To mount a remote battery pack, cut two wires to about 16" long, and solder them to the battery (+) and (-) pads. The other end I solder to a .100" two-pin connector snipped from an old PC floppy drive controller. I add a drop of JB Weld two part epoxy, then heat-shrink the connector, forming a small plug that is just the right size to connect a Radio Shack rechargable portable phone battery (Part #23-197, 3.6V, 350mAh, NiCad). Mount the battery on the left wall of the backbox with a velcro strap stapled to the wood, and you should never have to worry about battery leakage again. Replace the battery every few years, just to be on the safe side.

Test Points

There are several logic test points on the CPU board:

Test Point Signal Purpose
TP2 Pulsing CPU Pin 38 - CLOCK
TP3 Pulsing Interrupt Generator
TP5 HIGH / Pulsing CPU Pin 17 - INTREQ
TP6 Pulsing Out Counter
TP7 LOW Out Counter
TP8 LOW Voltage Good
TP9 LOW / Pulsing Clock oscilator output

These are useful if the game is not running, or to confirm that it is running with the displays disconnected.

Revisions and Compatibility

Three revisions of Zaccaria CPU boards for the games are covered by this document; part numbers 1B1165/0, 1B1165/1 and 1B1165/2. The differences between the 1B1165/0 and 1B1165/1 are minor, but potentially important. The 1B1165/0 board mounting holes at the corners of the board are insulated. This keeps them from grounding the board to the metal backplane of the game. Sand off the solder mask around the holes to ground the board. The other change is that the 3081 chips at IC34 and IC38 do not have pin 5 connected to anything. In normal operation in the game, this does not seem to matter, but it does lead to strange results when using Leon's test ROM. Make the 1B1165/0 like the 1B1165/1 by connecting pin 5 to pin 15 on these two ICs. On the 1B1165/1, this is accomplished by a trace hiding under the chip itself. This has no effect on the game, but will make Leon's test ROM code work correctly on the outputs through these two ICs.

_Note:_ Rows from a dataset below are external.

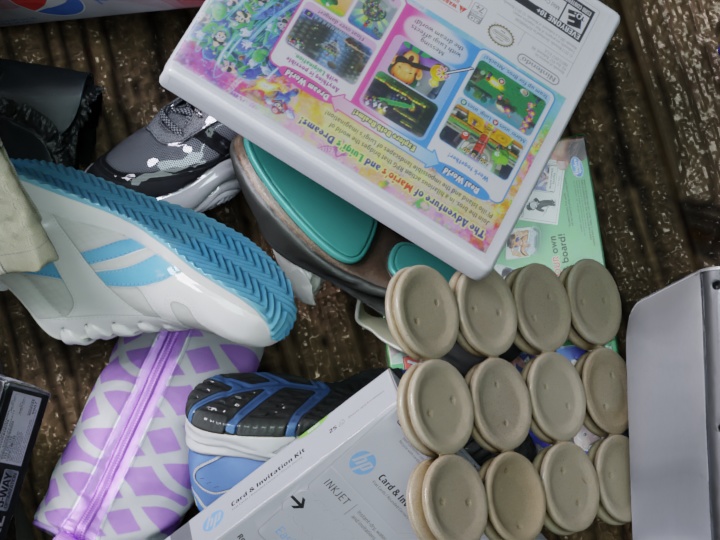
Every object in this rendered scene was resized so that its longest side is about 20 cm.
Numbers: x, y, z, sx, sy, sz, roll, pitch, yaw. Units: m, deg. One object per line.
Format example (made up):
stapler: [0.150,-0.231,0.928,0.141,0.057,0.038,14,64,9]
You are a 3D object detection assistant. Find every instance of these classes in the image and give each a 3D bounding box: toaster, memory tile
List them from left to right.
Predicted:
memory tile: [0.086,0.071,1.277,0.017,0.200,0.154,-15,81,40]
toaster: [0.251,0.098,1.298,0.180,0.119,0.201,1,81,-20]

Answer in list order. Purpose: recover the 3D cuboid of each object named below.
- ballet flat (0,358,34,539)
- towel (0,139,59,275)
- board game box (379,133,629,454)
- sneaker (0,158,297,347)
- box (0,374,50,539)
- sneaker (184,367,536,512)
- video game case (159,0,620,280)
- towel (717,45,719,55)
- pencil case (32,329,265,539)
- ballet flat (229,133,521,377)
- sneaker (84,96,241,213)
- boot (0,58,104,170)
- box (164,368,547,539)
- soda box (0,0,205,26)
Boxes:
ballet flat: [-0.223,0.134,1.340,0.046,0.067,0.201,-14,80,30]
towel: [-0.254,-0.080,1.220,0.035,0.192,0.200,-42,116,-44]
board game box: [0.079,0.029,1.372,0.134,0.029,0.201,-7,82,-1]
sneaker: [-0.124,0.005,1.280,0.200,0.076,0.081,22,105,24]
box: [-0.271,0.138,1.300,0.157,0.050,0.201,16,87,26]
sneaker: [-0.002,0.103,1.318,0.199,0.076,0.077,4,117,-10]
video game case: [0.020,-0.119,1.265,0.200,0.024,0.182,32,64,-6]
towel: [0.327,-0.115,1.394,0.200,0.050,0.148,43,90,4]
pencil case: [-0.112,0.076,1.333,0.084,0.086,0.200,22,83,4]
ballet flat: [0.000,0.000,1.322,0.200,0.068,0.068,36,38,-3]
sneaker: [-0.076,-0.110,1.340,0.200,0.114,0.076,-25,39,-11]
boot: [-0.248,-0.042,1.350,0.168,0.076,0.201,18,75,5]
box: [-0.014,0.169,1.283,0.200,0.041,0.156,-38,118,9]
soda box: [-0.146,-0.183,1.324,0.200,0.070,0.064,-1,70,37]
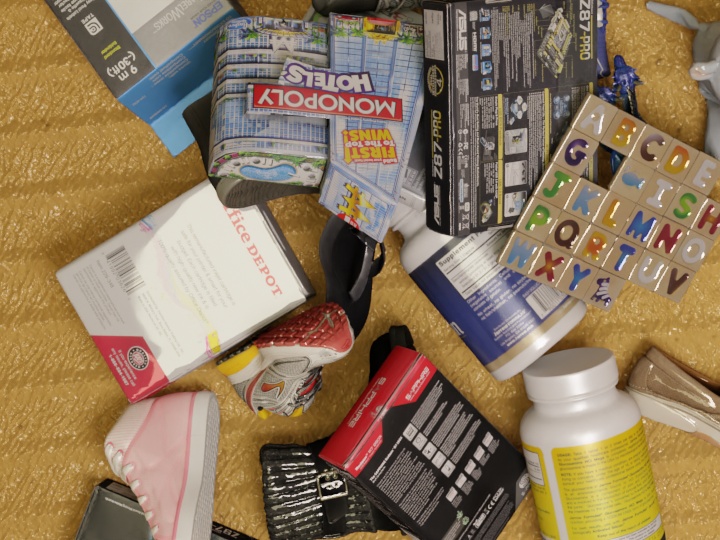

On the 1B1165/0 and 1B1165/1 boards, as used in Farfalla, Pinball Champ, and Devil Riders, IC8 Pin 14 is connected to R26, IC9 Pin 39, IC10 Pin 16, and IC11 Pin 16.

On the newer 1B1165/2 board, as used in Magic Castle and all of the games after that, they added a jumper pad labled "J16" with options "E" and "F" on the board just to the right of IC8 Pin 14.

1B1165/0 Board: Shows IC8, IC4, and IC5    1B1165/2 Board: Shows IC8, Ic4, and IC5. Note Jumper Pad J16.

The options connect IC8 Pin 14 to either "E" or "F". If connected to "E", IC8 Pin 14 is connected to a trace that runs to IC4 Pin 18, then to R1, D1, and D2. Jumper "F" appears designed to make the 1B1165/2 board backward compatible with a 1B1165/0 or 1B1165/1 board, and IC8 Pin 14 is connected as described above to R26, IC9, IC10, and IC11.

This change, which powers IC8 from the Battery voltage that backs up the IC4 CMOS Static RAM chip is a memory protection circuit. Its purpose is to ensure that the Static RAM is deselected during power up, power down, and any power failure or lower power conditions. This keeps possible random signals on the address and data busses from being considered valid and corrupting the contents of IC4.

For this to work without prematurely draining the battery, IC8 must be a CMOS 74HC00, not a 74LS00.

For boards with the "J16" jumper, IC8 should be a 74HC00 and the board should be jumpered with J16 on the "E" side. If a 74LS00 is installed, connect the "F" jumper instead. While this memory protection circuit sounds good, I have yet to see a game with a 1B1165/0 or 1B1165/1 lose or corrupt its IC4 contents. The important part is to make sure that IC8 is a CMOS part if J16 is set to "E" to keep from draining the battery.

Signetics 2650A

I have not seen many Signetics 2650 failures, even on badly corroded boards (the socket tends to protect the chip by being destroyed first), but have run in to CPU boards that were missing this chip. Replacements for this chip are scarce, but available. Note that Signetics made two processors, the 2650 and the 2650A. The 2650 runs at a slower clock speed than the 2650A. Zaccaria games require the faster 2650A processor chip. These were also used in some early home gaming consoles like the Emerson Arcadia 2001.